Japan’s first large lunar explorer was launched by the H-IIA rocket on September 14, 2007. The project, called “SELENE (SELenological and ENgineering Explorer)”, was the largest lunar mission since the Apollo program. It drew great media attention in Japan, and was carefully followed by many countries. KAGUYA is now in lunar observation orbit at an altitude of about 100 km, following successful insertion in the planned orbits. Regular observations were started in mid-December, 2007.
Observation image of “KAGUYA”
KAGUYA consists of the Main Orbiter (Moon Orbiter) and two small satellites (Relay Satellite and VRAD Satellite). The Main Orbiter will observe the Moon in conjunction with two sub-satellites. KAGUYA has 15 observation missions over the course of about one year, its most important task being the gathering of data on the distribution of elements and minerals, topography, geological structure, gravity field etc. Observation of the lunar environment including plasma, magnetic field, and energetic particles are also scheduled, with the aim of studying the origin and evolution of the Moon.
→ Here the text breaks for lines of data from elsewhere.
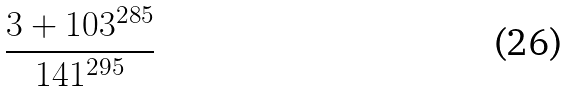<formula> <loc_0><loc_0><loc_500><loc_500>\frac { 3 + 1 0 3 ^ { 2 8 5 } } { 1 4 1 ^ { 2 9 5 } }</formula> 
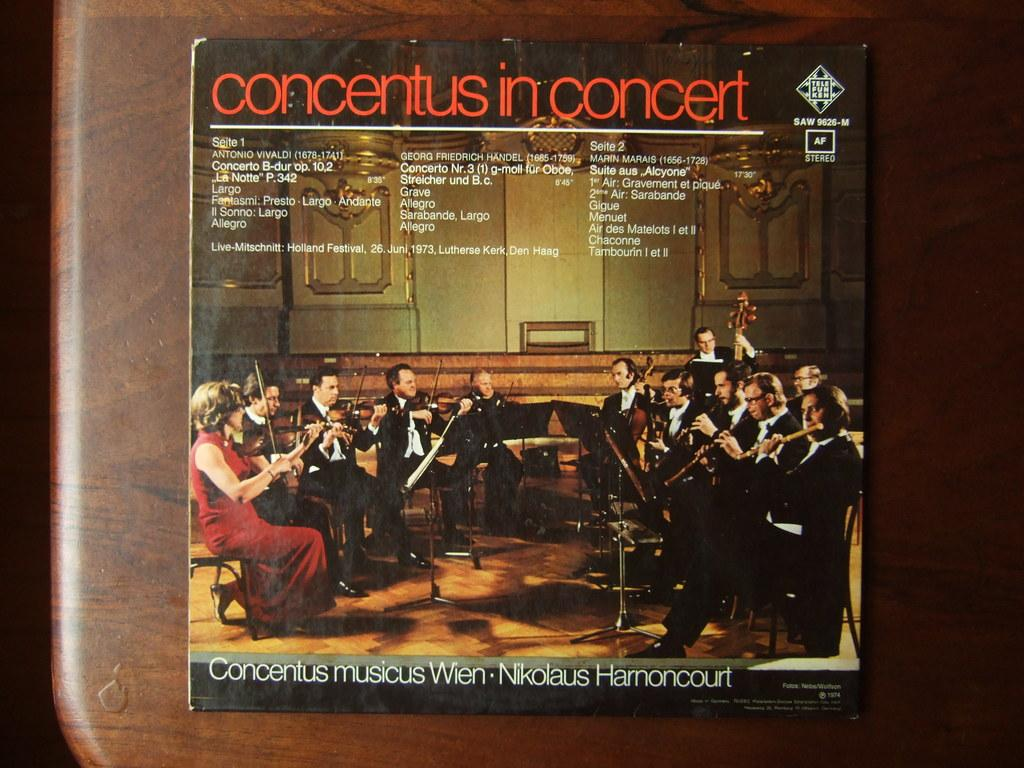<image>
Summarize the visual content of the image. An album cover of concentius in concert showing a symphony. 
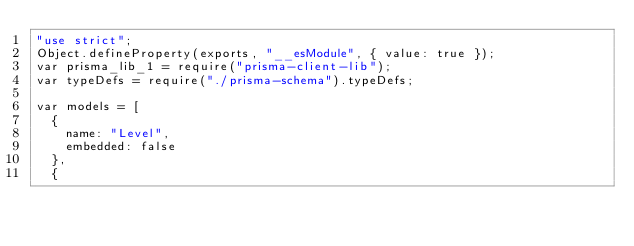<code> <loc_0><loc_0><loc_500><loc_500><_JavaScript_>"use strict";
Object.defineProperty(exports, "__esModule", { value: true });
var prisma_lib_1 = require("prisma-client-lib");
var typeDefs = require("./prisma-schema").typeDefs;

var models = [
  {
    name: "Level",
    embedded: false
  },
  {</code> 
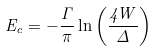Convert formula to latex. <formula><loc_0><loc_0><loc_500><loc_500>E _ { c } = - \frac { \Gamma } { \pi } \ln \left ( \frac { 4 W } { \Delta } \right )</formula> 
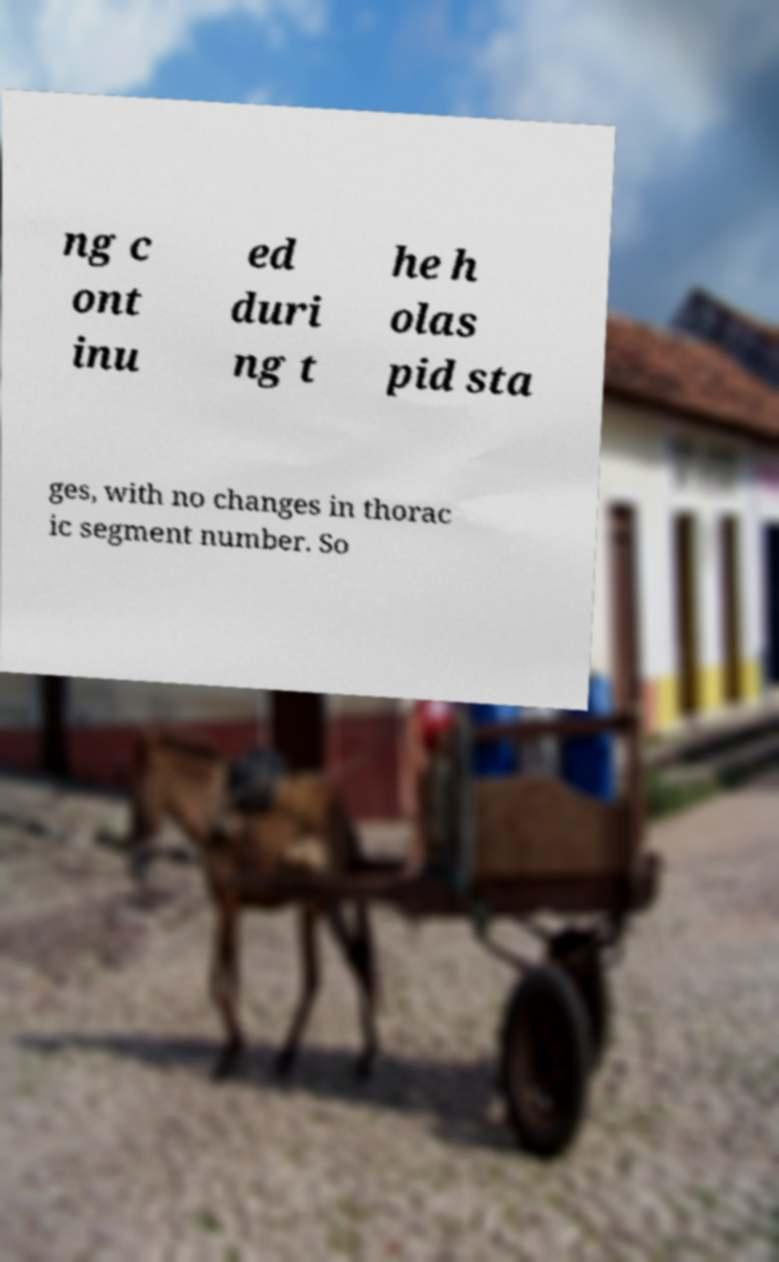Please identify and transcribe the text found in this image. ng c ont inu ed duri ng t he h olas pid sta ges, with no changes in thorac ic segment number. So 
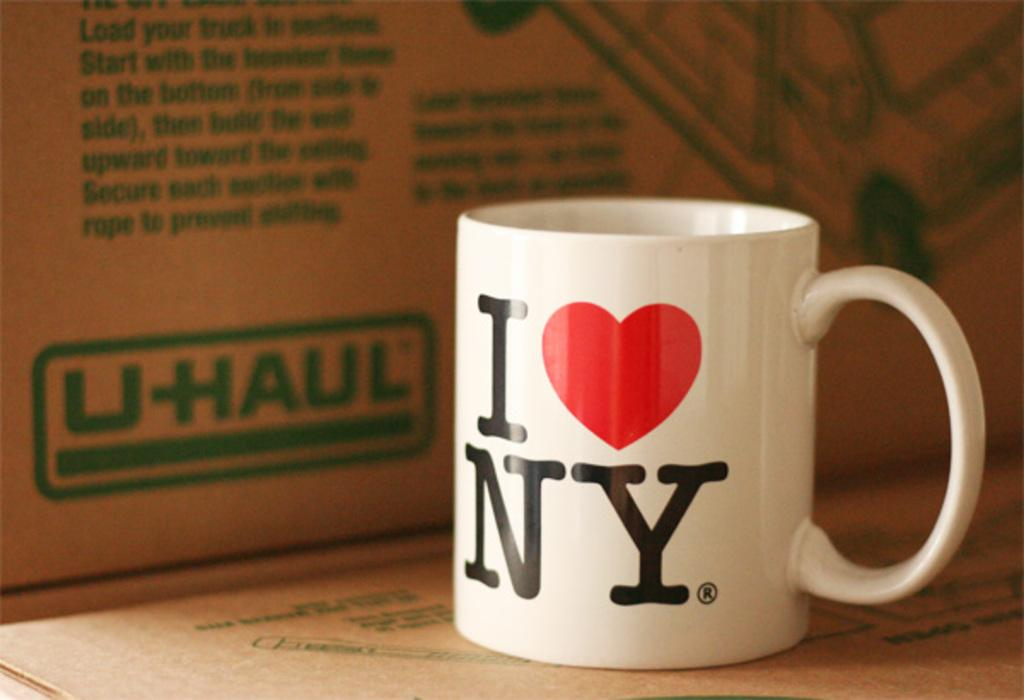<image>
Summarize the visual content of the image. A coffee mug with the logo of i heart new york and is sitting in front of a uhaul box. 
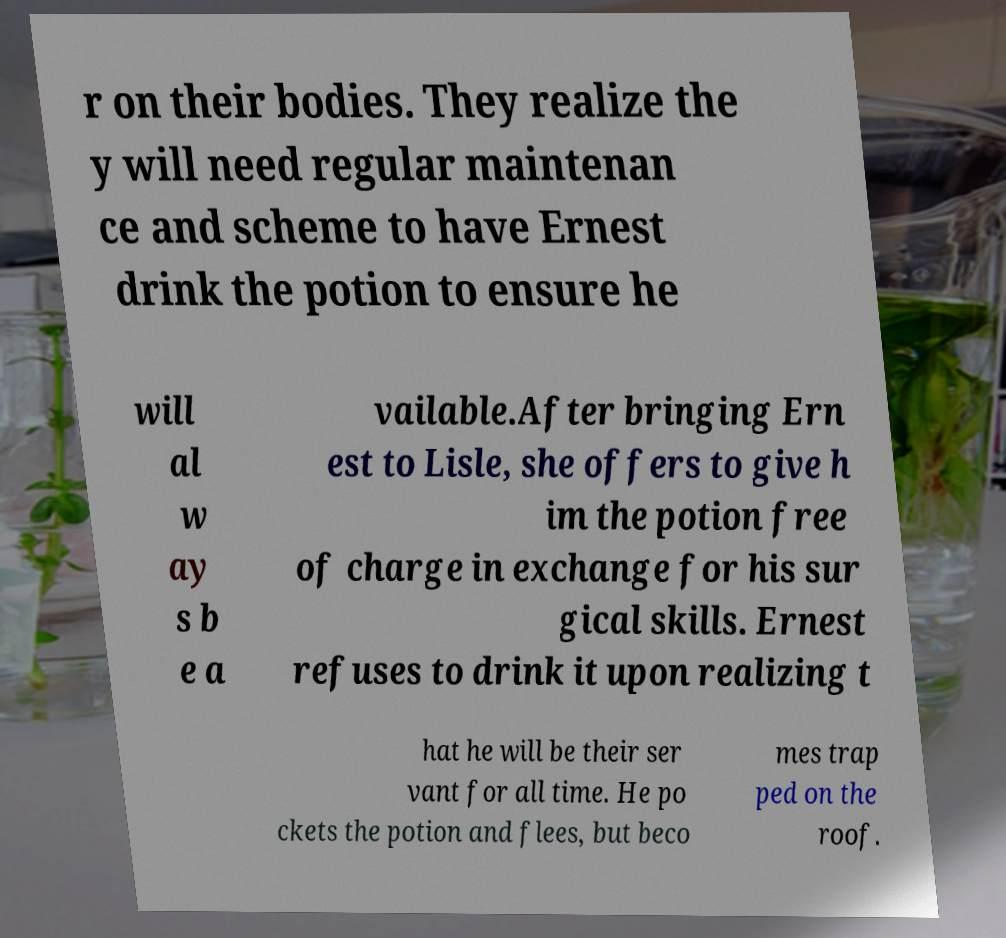Can you accurately transcribe the text from the provided image for me? r on their bodies. They realize the y will need regular maintenan ce and scheme to have Ernest drink the potion to ensure he will al w ay s b e a vailable.After bringing Ern est to Lisle, she offers to give h im the potion free of charge in exchange for his sur gical skills. Ernest refuses to drink it upon realizing t hat he will be their ser vant for all time. He po ckets the potion and flees, but beco mes trap ped on the roof. 
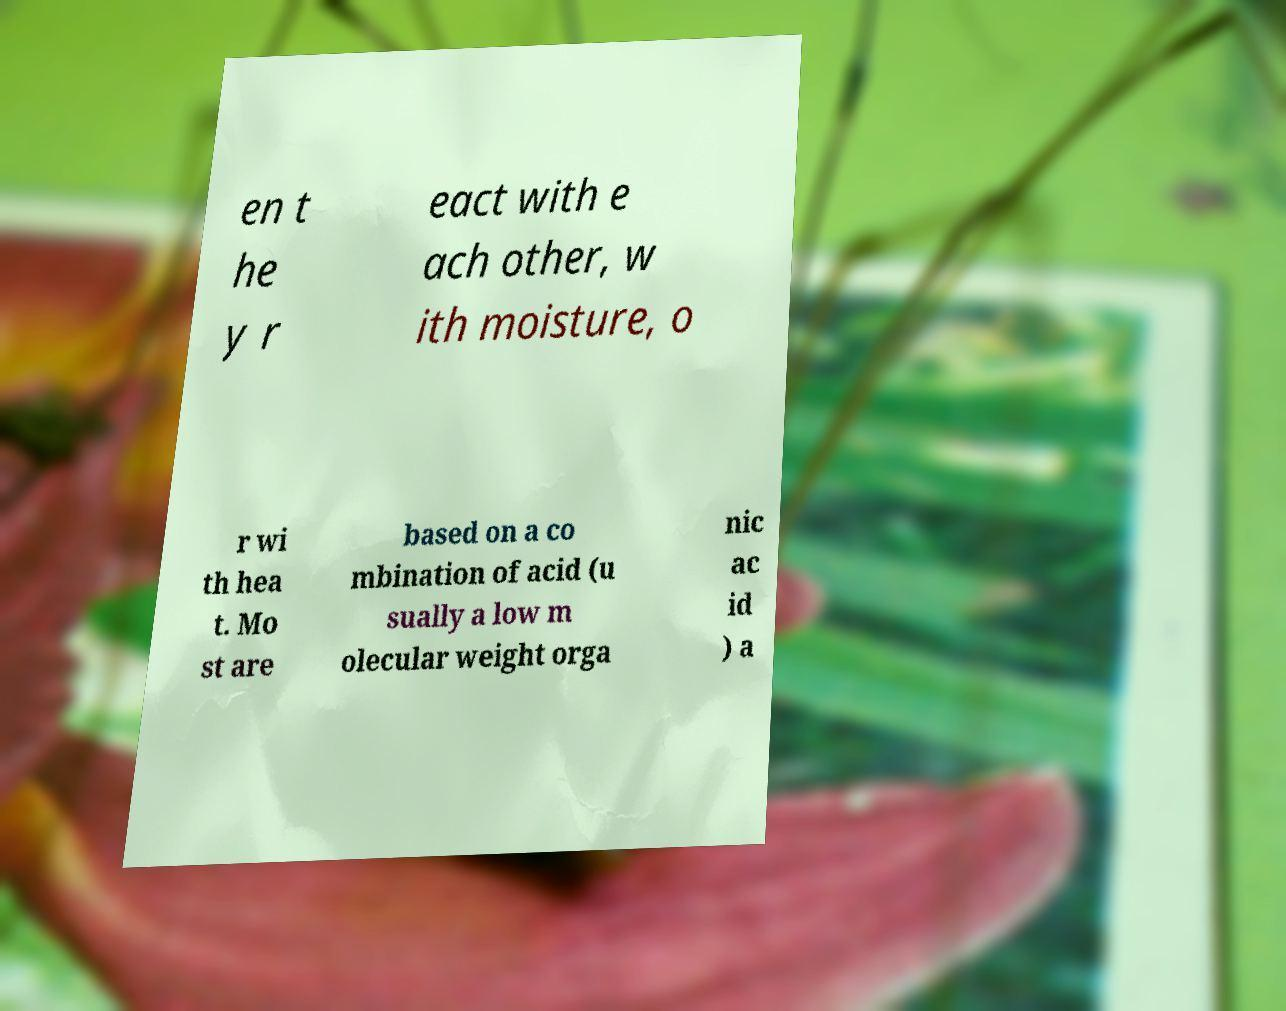Please read and relay the text visible in this image. What does it say? en t he y r eact with e ach other, w ith moisture, o r wi th hea t. Mo st are based on a co mbination of acid (u sually a low m olecular weight orga nic ac id ) a

In addition, KAGUYA will demonstrate basic technologies for future lunar exploration, such as lunar polar orbit insertion, 3-axis attitude control and thermal control in lunar orbit.
KAGUYA successfully took moving images of our beautiful blue planet Earth and the desolate surface of the Moon, using an onboard High Definition Television Camera.
The images of the Earth were taken on the way to the Moon, from a distance of 110,000 km, on September 29, 2007, and those of the lunar surface from 100 km above the Moon on December 31, 2007. This was a world first. NEC contributed to this achievement by integrating systems and supporting the operation.
Motion images of “Earth-rise” and “Earth-set” on the Moon’s horizon was shot later.
"The first quarter of the Earth" taken by HDTV
An HDTV camera developed by NHK (Japan Broadcasting Corporation) is being used to shoot these images.